She swallowed around a strange lump that had suddenly formed in her throat. He was asking something of her, but she didn't know what it was. It didn't matter anyway; she had nothing to give. "I cannot alter what I hope for," she said. "But I can and I shall repay my debt of honor. I will give you a son."
He leaned forward until she could smell his breath—not garlic, but tobacco and American beer. She could see the pits in his skin where the stiff whiskers grew, but she could see as well the brackets around his mouth that came from his smile. "You would make the cloud and the rain with me?" he asked.
"I..." Erlan felt like an acrobat trying to walk a bamboo pole. For a moment she was overwhelmed by dark thoughts of wet mouths and probing fingers, of a thrusting hardness pushing up between her thighs, tearing into her... She shut her eyes, trying to stop the terror that lashed through her, trying to stop the scream from building in her throat.
All wives do it, she thought. I won't die from it, or even want to anymore. The merchant Woo was a man of good heart. If she asked him, he would try to be kind. It wouldn't be so bad, not like the others.
She forced her eyes to open, and the shuddering ceased. She plucked at the grass again with restless fingers. "There is something you must know. After my father sold me, I... I was forced to suffer indignities."
She had expected him to be dismayed or disappointed to hear that he had purchased damaged goods. Instead he merely patted her arm as if her confession had been of no import at all.
"This is no big surprise," he said, once more in English. "You have been like a beaten dog, cringing at the sight of a stick." He stroked her cheek lightly with the tips of his fingers, and he smiled. "I will not hurt you, Lily."
She searched his eyes, seeing the hunger that frightened her still. And an innate kindness that she took comfort from. She lowered her gaze and rose up on her knees, bowing and touching her head three times to the ground. Showing him with this gesture the obedience and loyalty she would give him, as his wife, as the mother of his son, from now until the day she left him to return to her lao chia.
He could have stopped her. She thought he would stop her, for it was not an American thing, a wife kowtowing to her husband. But he didn't.
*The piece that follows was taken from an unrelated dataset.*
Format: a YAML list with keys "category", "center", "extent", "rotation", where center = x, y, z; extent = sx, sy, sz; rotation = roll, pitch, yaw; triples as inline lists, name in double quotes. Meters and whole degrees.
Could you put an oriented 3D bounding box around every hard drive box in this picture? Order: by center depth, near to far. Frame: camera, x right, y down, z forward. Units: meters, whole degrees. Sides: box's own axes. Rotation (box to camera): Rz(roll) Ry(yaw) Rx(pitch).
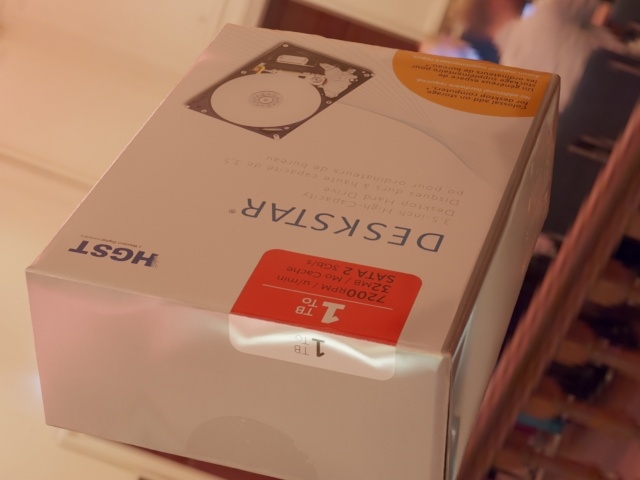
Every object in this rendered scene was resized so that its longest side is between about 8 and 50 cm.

The trestle table that had been put up on the wooden platform groaned with the weight of the cakes. Apple and cinnamon cakes, macaroon cakes, walnut cakes, fancy ribbon cakes, and sour cream cakes. It was the same platform where Drew Scully had gotten a mangled hand earlier that afternoon, although someone had had the sense to scatter sawdust over the bloodstains.
The cakes were about to be auctioned off by the Ladies Social Club of Rainbow Springs. A man who bought himself a cake got—besides a confection for his sweet tooth—the company of the lady who'd baked it for the duration of the fireworks display later that evening. The money raised went to the school, to buy textbooks and primers and desks, and to pay Miss Luly Maine's salary of twenty-five dollars a month. All the good ladies of Rainbow Springs had, of course, baked cakes for such a worthy cause.
And that, thought Hannah Yorke, was where she was being a fool. She wasn't either good or a lady, and she never would be.
She had arisen well before dawn to bake her own contribution, a molasses cake with stoned raisins. It was the only kind of cake she knew how to make, the kind a coal miner's wife whipped up when there was no money for sugar or candied fruit. Now, seeing all these fancy confections the other women had brought, Hannah figured a molasses and stoned raisin cake—lumpy and lopsided and fallen in upon itself in the middle—fit in about as well as a rattlesnake at a roping contest.
And the fallen woman who had baked it fit in even less.
Hannah's white-laced gloved hands gripped her eggshell china cake plate so hard it was a wonder it didn't snap in two. She felt almost sick from the sweet smell of all those cakes. All the ladies of Rainbow Springs, those good ladies all buttoned up to their chins in stiff disapproval, stood between her and that platform.
But before Hannah had taken more than a step forward, Zach Rafferty blocked her path.
He had a half empty bucket of beer in one hand and a surly look on his face. "I heard tell your new beau just won himself twenty dollars," he said. "Do you reckon I'm gonna have to rob the bank now if I want to buy me a piece of your... cake?"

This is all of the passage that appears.